No comportamento e no exemplo de Nossa Senhora reconhecemo-nos como escolhidos desde a eternidade e compreendemos que somos chamados a ser santos e santificadores, no meio do mundo, portadores, como ela, de Cristo e, como ela, fermento de santidade. . Não esqueçamos que, para nós, cristãos, o oposto de santo não é o pecador, mas o fracasso. Portanto, um cristão é um santo ou um fracassado. Que Nossa Senhora nos ajude nisso.
O povo de Bolonha sempre reconheceu, com razão, o poder dos milagres, obtidos através da oração da sua Madona. Entre tantos, é bonito recordar aquele ligado ao Beato Bartolomeo Dal Monte, que o Papa beatificou em Bolonha no inesquecível dia de 27 de Setembro de 1997. Este beato, que regressou de Viena com uma grave fractura no pé esquerdo que foi de difícil cura, em abril de 1768 foi ao santuário de muletas e, após orar, voltou sem apoio para sua casa.

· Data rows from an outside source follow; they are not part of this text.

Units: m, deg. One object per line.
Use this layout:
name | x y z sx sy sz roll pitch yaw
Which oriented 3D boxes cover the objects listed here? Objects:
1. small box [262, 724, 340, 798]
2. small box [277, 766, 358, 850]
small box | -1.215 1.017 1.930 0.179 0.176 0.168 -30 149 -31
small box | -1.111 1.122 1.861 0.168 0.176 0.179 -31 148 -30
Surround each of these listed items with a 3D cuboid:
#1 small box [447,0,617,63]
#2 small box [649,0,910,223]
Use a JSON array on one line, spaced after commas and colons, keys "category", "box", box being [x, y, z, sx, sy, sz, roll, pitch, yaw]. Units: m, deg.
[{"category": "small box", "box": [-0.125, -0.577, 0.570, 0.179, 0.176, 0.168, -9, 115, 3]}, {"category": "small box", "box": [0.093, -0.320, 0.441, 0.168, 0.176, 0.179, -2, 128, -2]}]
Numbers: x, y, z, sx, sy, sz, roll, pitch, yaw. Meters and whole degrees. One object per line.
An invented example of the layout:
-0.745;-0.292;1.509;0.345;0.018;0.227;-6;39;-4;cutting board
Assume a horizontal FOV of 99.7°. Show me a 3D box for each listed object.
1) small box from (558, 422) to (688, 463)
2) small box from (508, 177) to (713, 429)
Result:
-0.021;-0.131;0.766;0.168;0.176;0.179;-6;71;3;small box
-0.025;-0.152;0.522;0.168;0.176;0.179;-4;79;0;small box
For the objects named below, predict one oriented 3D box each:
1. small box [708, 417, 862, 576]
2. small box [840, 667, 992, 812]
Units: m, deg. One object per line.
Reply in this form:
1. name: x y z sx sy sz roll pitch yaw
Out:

Talvez nenhum bolonhês fique sem a sua própria lista de graças e milagres na sua vida. Mas o maior dom que devemos saber buscar desta nossa Mãe é o de nos mantermos na graça de Deus, na esperança cristã na vida eterna. Mesmo que às vezes a dor, o sofrimento e as desilusões nos assaltem e ameacem enfraquecer as nossas certezas, não nos deixemos dominar pelo desânimo, sabendo muito bem que lá em cima no céu está a mãe celeste que nos espera, está Cristo, o redentor na unidade do Pai e do Espírito Santo.